ACTIVITY: Every entry should be reproduced precisely, with each picture left out.
THE INPUT Start Marker
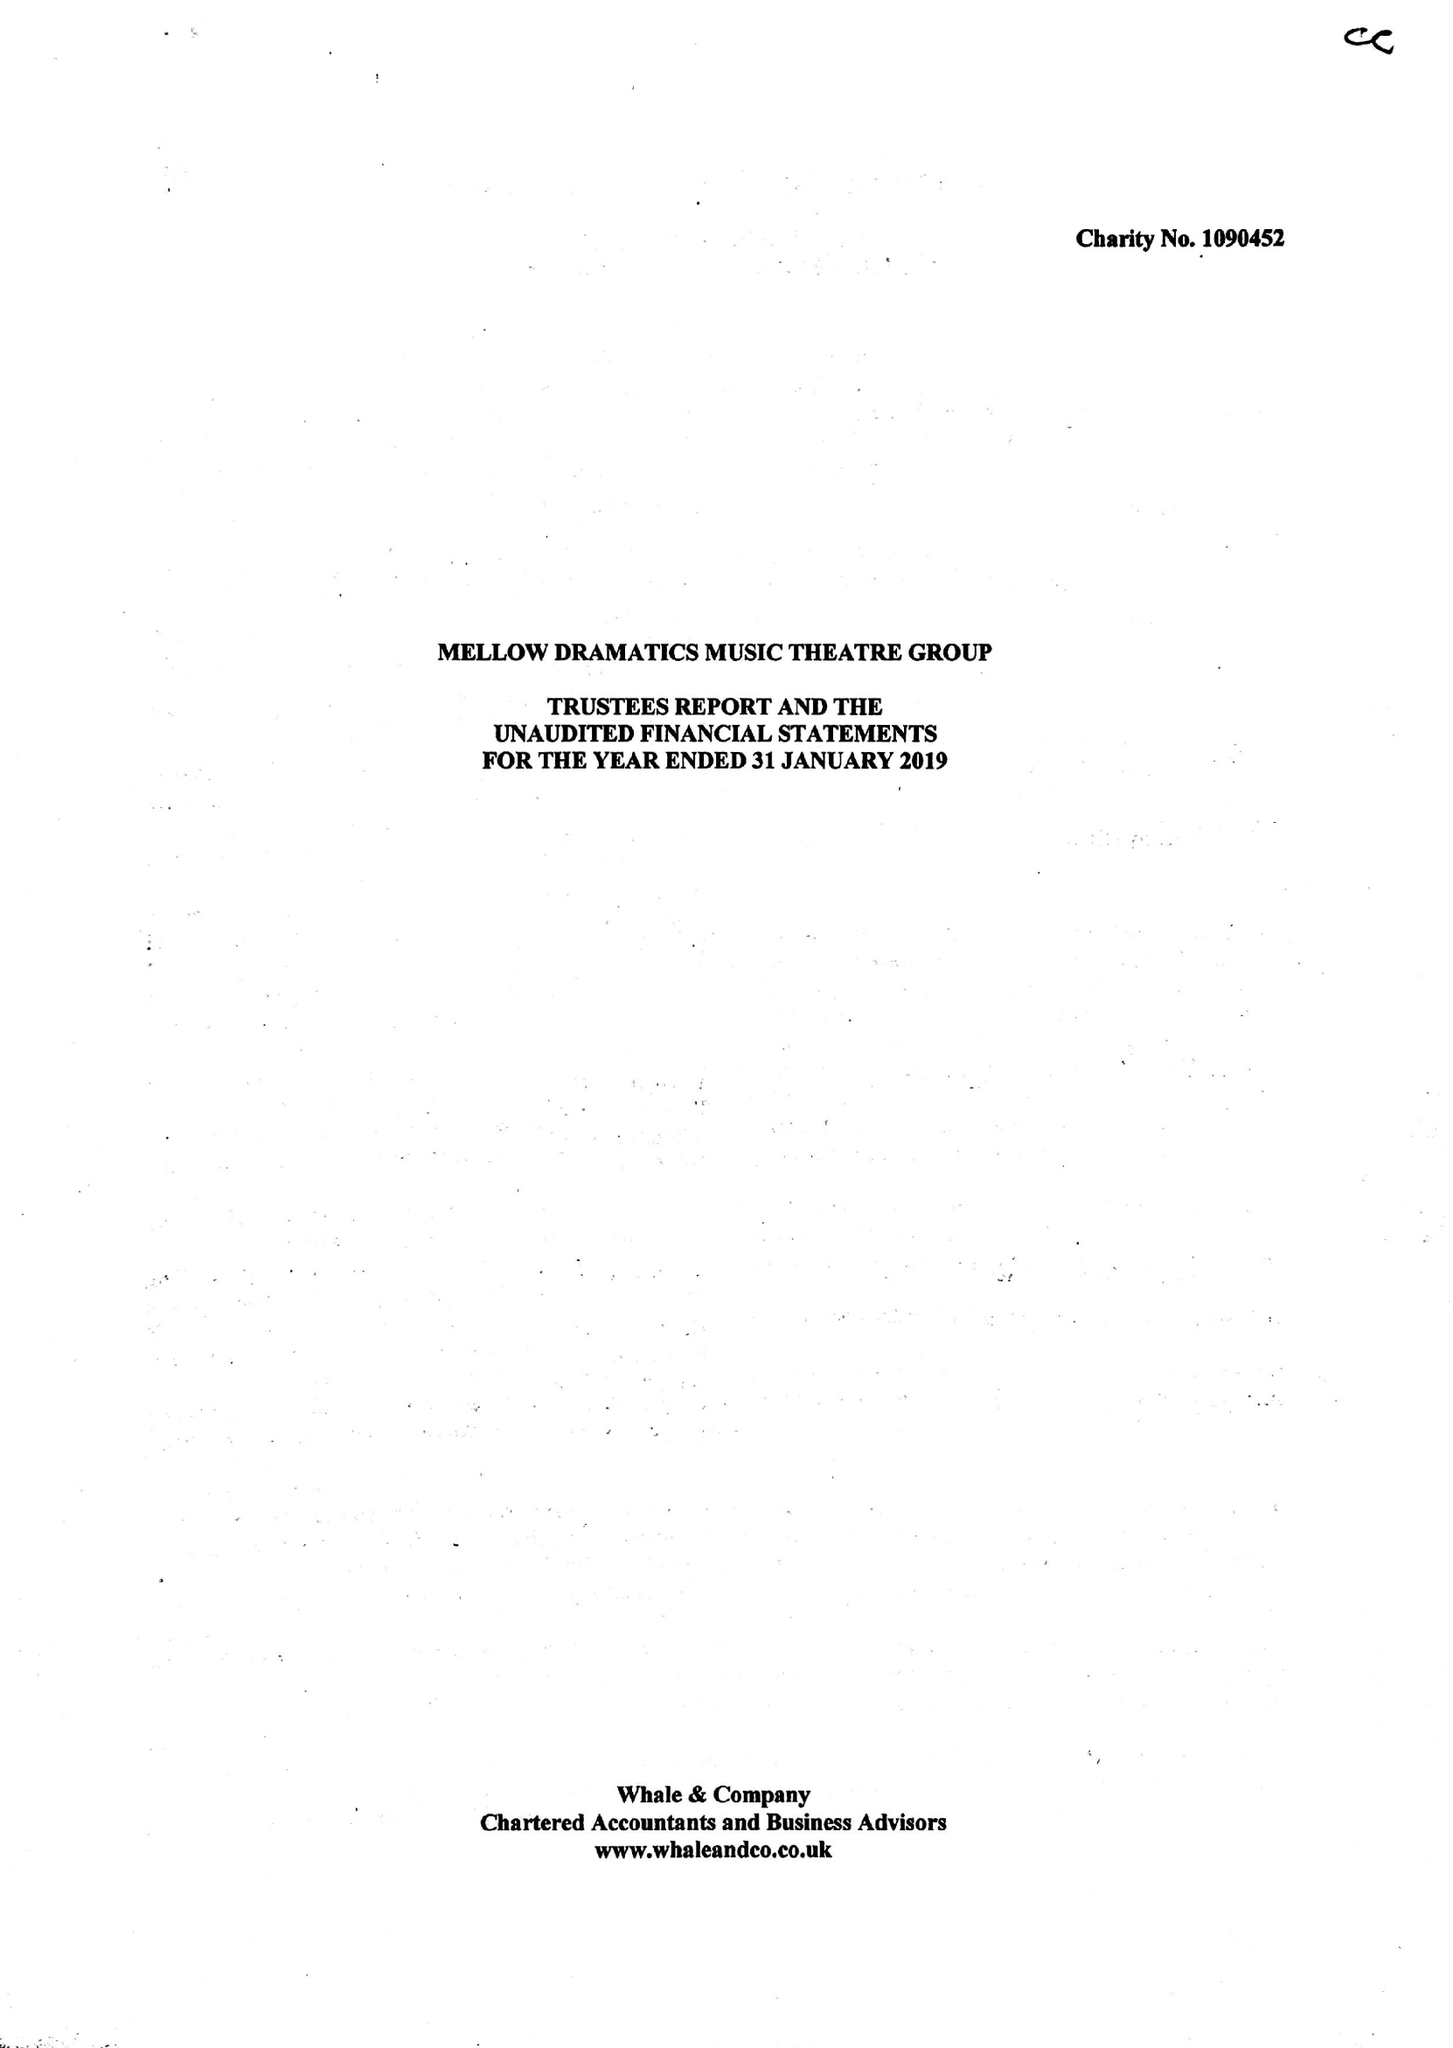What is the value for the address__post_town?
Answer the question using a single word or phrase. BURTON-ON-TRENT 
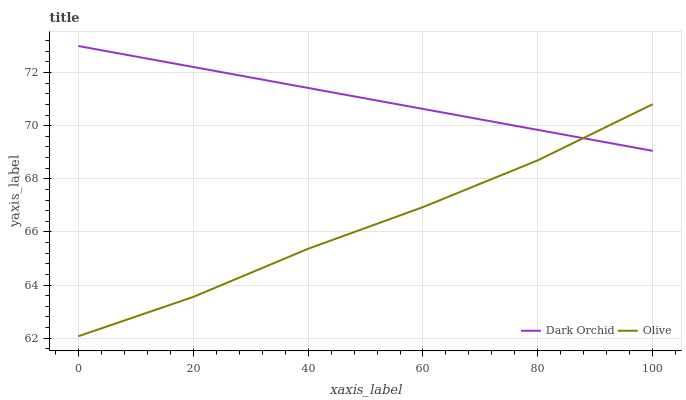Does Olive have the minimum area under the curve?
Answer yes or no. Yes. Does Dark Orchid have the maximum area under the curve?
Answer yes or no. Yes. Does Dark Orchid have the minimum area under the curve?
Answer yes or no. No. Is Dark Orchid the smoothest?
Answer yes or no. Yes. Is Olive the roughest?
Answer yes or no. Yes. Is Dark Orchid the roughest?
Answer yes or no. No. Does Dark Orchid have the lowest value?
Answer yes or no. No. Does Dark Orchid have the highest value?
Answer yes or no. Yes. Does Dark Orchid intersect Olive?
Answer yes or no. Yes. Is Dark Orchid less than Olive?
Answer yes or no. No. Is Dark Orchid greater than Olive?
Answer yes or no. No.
THE INPUT End Marker
RESULT OF THE TASK:
What is the value for the address__post_town?
Answer the question using a single word or phrase. BURTON-ON-TRENT 
Does Olive have the minimum area under the curve?
Answer yes or no. Yes. Does Dark Orchid have the maximum area under the curve?
Answer yes or no. Yes. Does Dark Orchid have the minimum area under the curve?
Answer yes or no. No. Is Dark Orchid the smoothest?
Answer yes or no. Yes. Is Olive the roughest?
Answer yes or no. Yes. Is Dark Orchid the roughest?
Answer yes or no. No. Does Dark Orchid have the lowest value?
Answer yes or no. No. Does Dark Orchid have the highest value?
Answer yes or no. Yes. Does Dark Orchid intersect Olive?
Answer yes or no. Yes. Is Dark Orchid less than Olive?
Answer yes or no. No. Is Dark Orchid greater than Olive?
Answer yes or no. No.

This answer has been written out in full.